Sometimes you run into an issue that can keep you busy for hours and afterwards the cause remains easy to solve. Recently I ran into such an issue.
There was a minor update that needs to be done. It was a VxRail code upgrade from 7.0.x to 7.0.2xx.
The upgrade was basically like all other upgrades:
- Run VxVerify
- If there are findings in the results, solve them before starting the upgrade
- Upload the desired VxRail target code
- Start the upgrade
- Done
The results of the vxVerify were fine, no issues detected.
While uploading the target VxRail code everything looks fine but during the extraction of the upgrade bundle it failed at 50%. So I start a retry but the extraction of the upgrade bundle failed again at 50%. At the Cluster level we noticed the following error.

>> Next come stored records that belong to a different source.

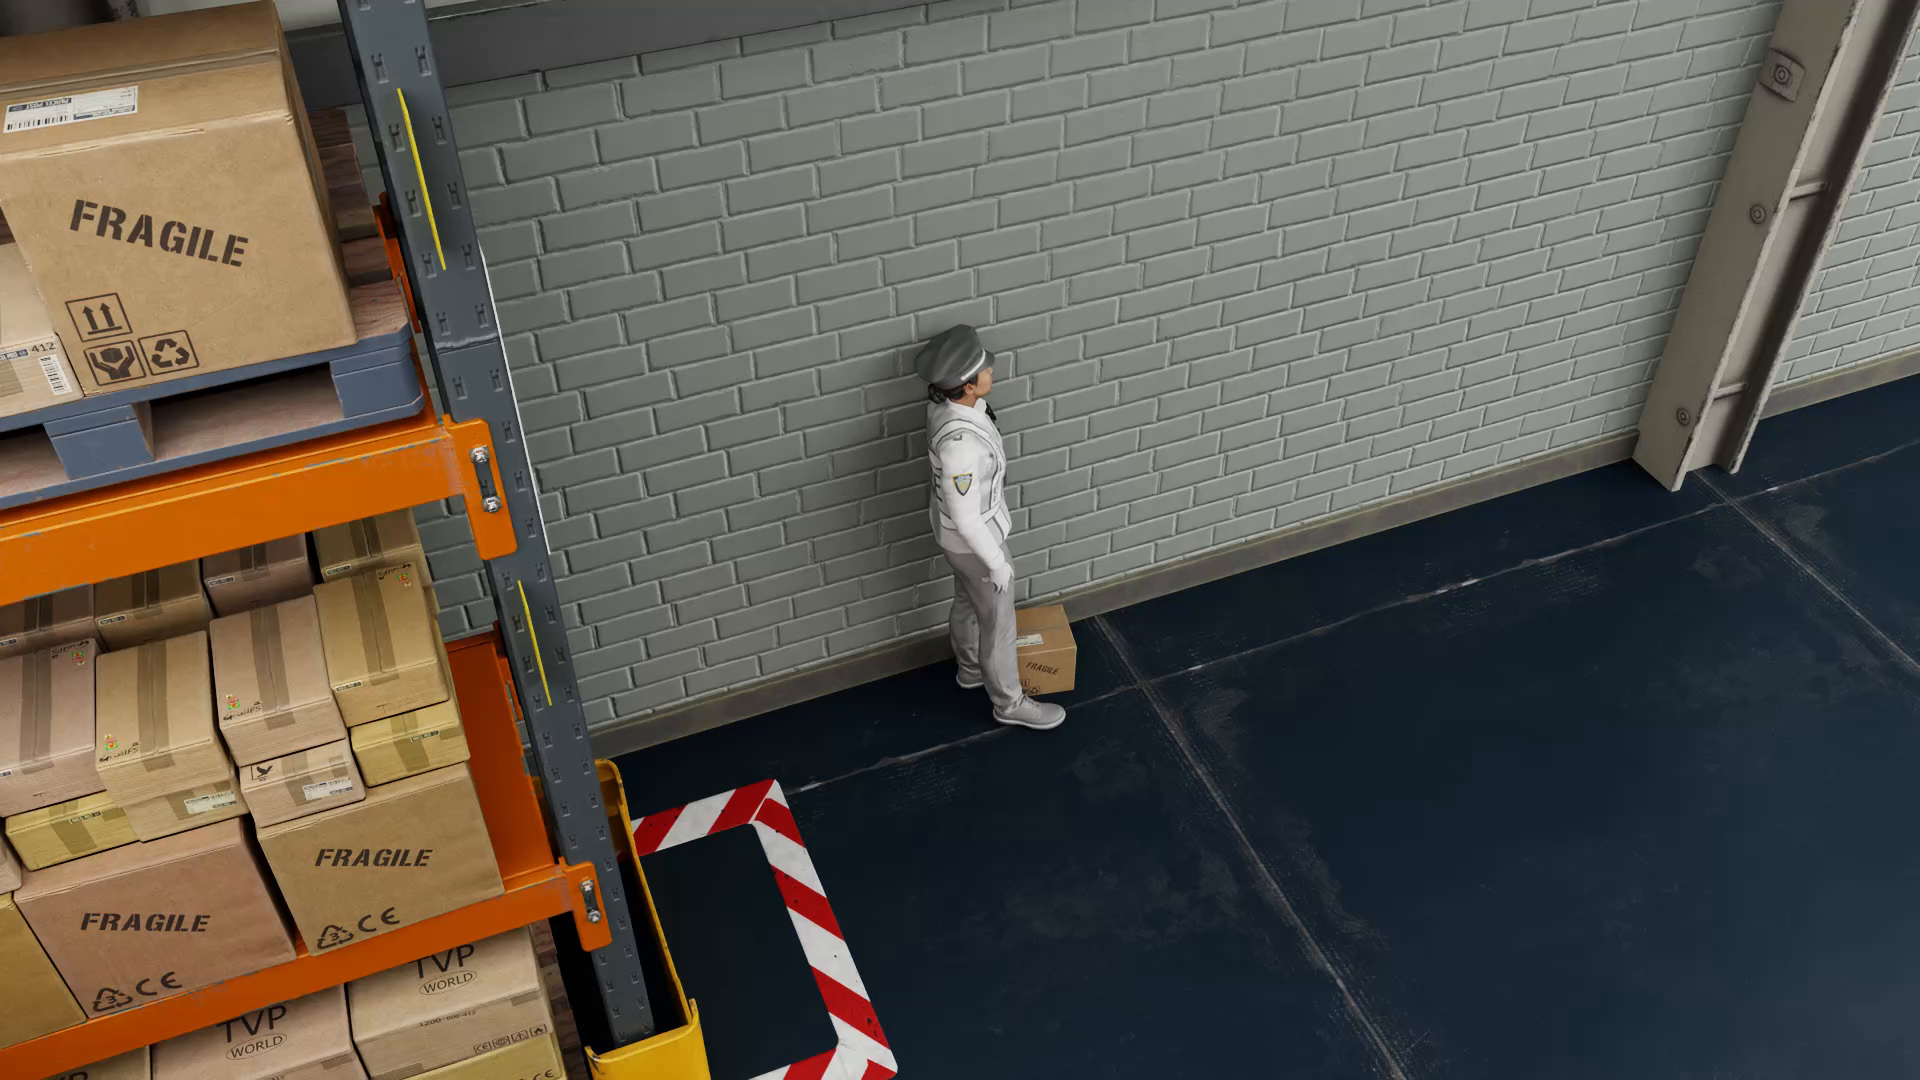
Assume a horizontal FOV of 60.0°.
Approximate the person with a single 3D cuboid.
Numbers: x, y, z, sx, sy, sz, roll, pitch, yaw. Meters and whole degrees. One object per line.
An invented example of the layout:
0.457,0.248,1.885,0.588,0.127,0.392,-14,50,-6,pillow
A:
0.117,-0.052,6.179,0.530,1.694,0.586,-6,42,-7,person
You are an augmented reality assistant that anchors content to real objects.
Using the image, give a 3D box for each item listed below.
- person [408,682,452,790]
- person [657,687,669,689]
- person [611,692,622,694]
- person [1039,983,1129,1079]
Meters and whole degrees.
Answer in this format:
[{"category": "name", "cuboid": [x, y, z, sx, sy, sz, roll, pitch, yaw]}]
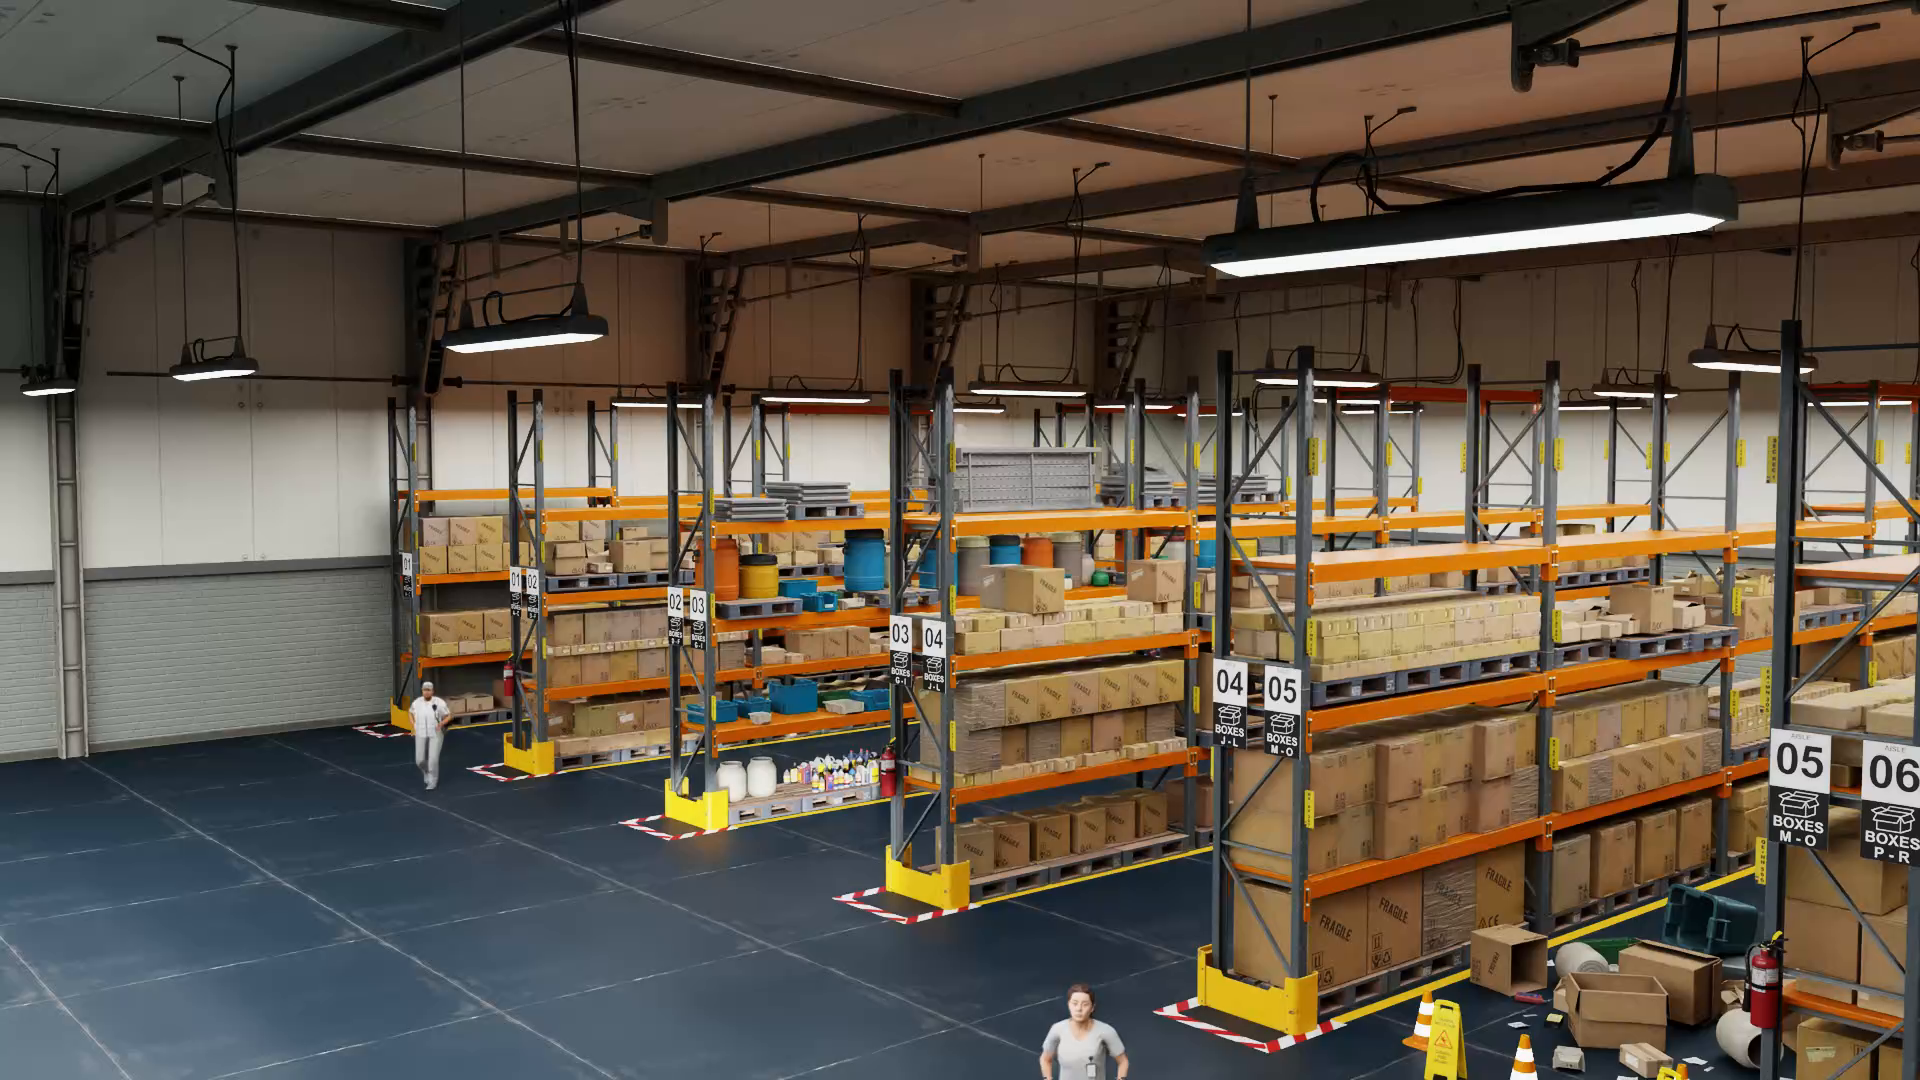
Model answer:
[{"category": "person", "cuboid": [-7.924, 2.916, 24.811, 0.647, 1.616, 0.582, 0, 3, -7]}, {"category": "person", "cuboid": [-5.278, 2.568, 29.754, 0.872, 1.715, 0.595, -3, 5, -43]}, {"category": "person", "cuboid": [-6.031, 2.655, 29.477, 0.548, 1.568, 0.805, 3, 5, 43]}, {"category": "person", "cuboid": [0.818, 3.711, 10.990, 0.590, 1.633, 0.628, 1, 3, 10]}]
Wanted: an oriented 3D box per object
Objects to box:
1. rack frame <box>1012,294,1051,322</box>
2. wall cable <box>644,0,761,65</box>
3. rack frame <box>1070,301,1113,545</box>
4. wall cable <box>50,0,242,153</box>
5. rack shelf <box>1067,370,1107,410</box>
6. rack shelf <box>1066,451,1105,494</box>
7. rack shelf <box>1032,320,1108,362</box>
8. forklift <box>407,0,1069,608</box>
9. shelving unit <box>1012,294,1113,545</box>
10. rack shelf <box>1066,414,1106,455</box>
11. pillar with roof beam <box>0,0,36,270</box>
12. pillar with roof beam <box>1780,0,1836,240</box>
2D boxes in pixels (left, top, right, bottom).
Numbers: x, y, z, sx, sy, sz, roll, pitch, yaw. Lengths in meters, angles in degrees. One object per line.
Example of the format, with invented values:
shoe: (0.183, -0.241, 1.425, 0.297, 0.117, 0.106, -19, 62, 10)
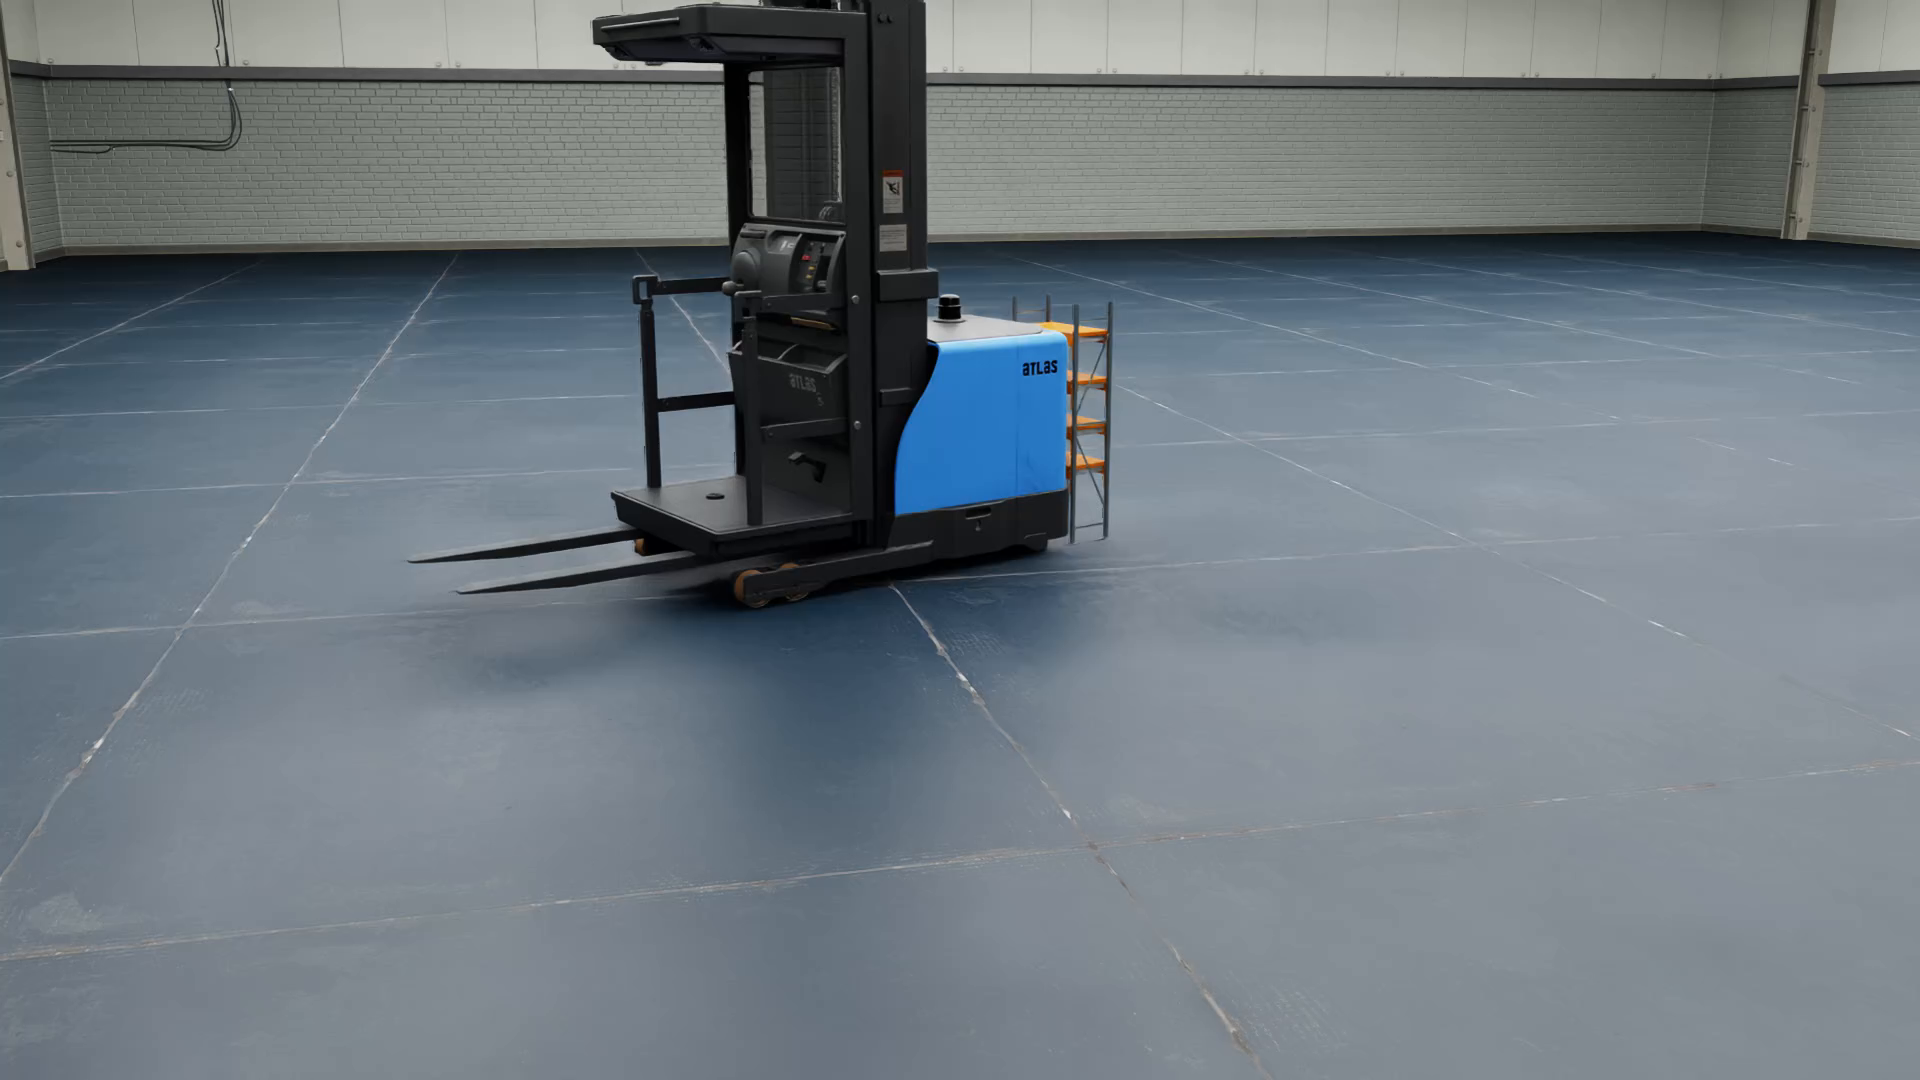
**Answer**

VXR1F4114 ALARM Upload of upgrade composite bundle unsuccessful VxRail Update ran into a problem… Error extracting upgrade bundle 7.0.2xx. Failed to upload bundle. Please refer to log for more details.
I opened a support request by Dell Support and in the meantime I start to examine the lcm-web.log in /var/log/mystic. I found some errors and failures but they did not lead directly to the root cause. There were errors about upgrade bundles couldn’t uploaded but those events were too general. I noticed the VxRail node that was mentioned at last in the log before the extraction failed.
Dell Support was now also working on the case. The support engineer also noted that the VxRail node I suspected was causing the problem.
I won’t go into too much detail, but at some point we checked the status of the “dcism-netmon-watchdog” service on that particular VxRail node.
[root@ESXi03:~] /etc/init.d/dcism-netmon-watchdog status
iSM is active (not running)
I had seen recently the same service status on another VxRail nodes running on code 7.0.x. Restarting the service won’t start the service. So I restarted the VxRail node. After the restart it could take some minutes before the service is restarted. I checked the service again.
[root@ESXi03:~] /etc/init.d/dcism-netmon-watchdog status
iSM is active (running)
Finally we restarted(retry) the VxRail code extraction. Both the VxRail code extraction and VxRail upgrade were successful.
how do i know to which node the upgrade is extracting and uploaded ?
The upgrade package is uploaded to the VxRail manager and extracted on the vSAN datastore.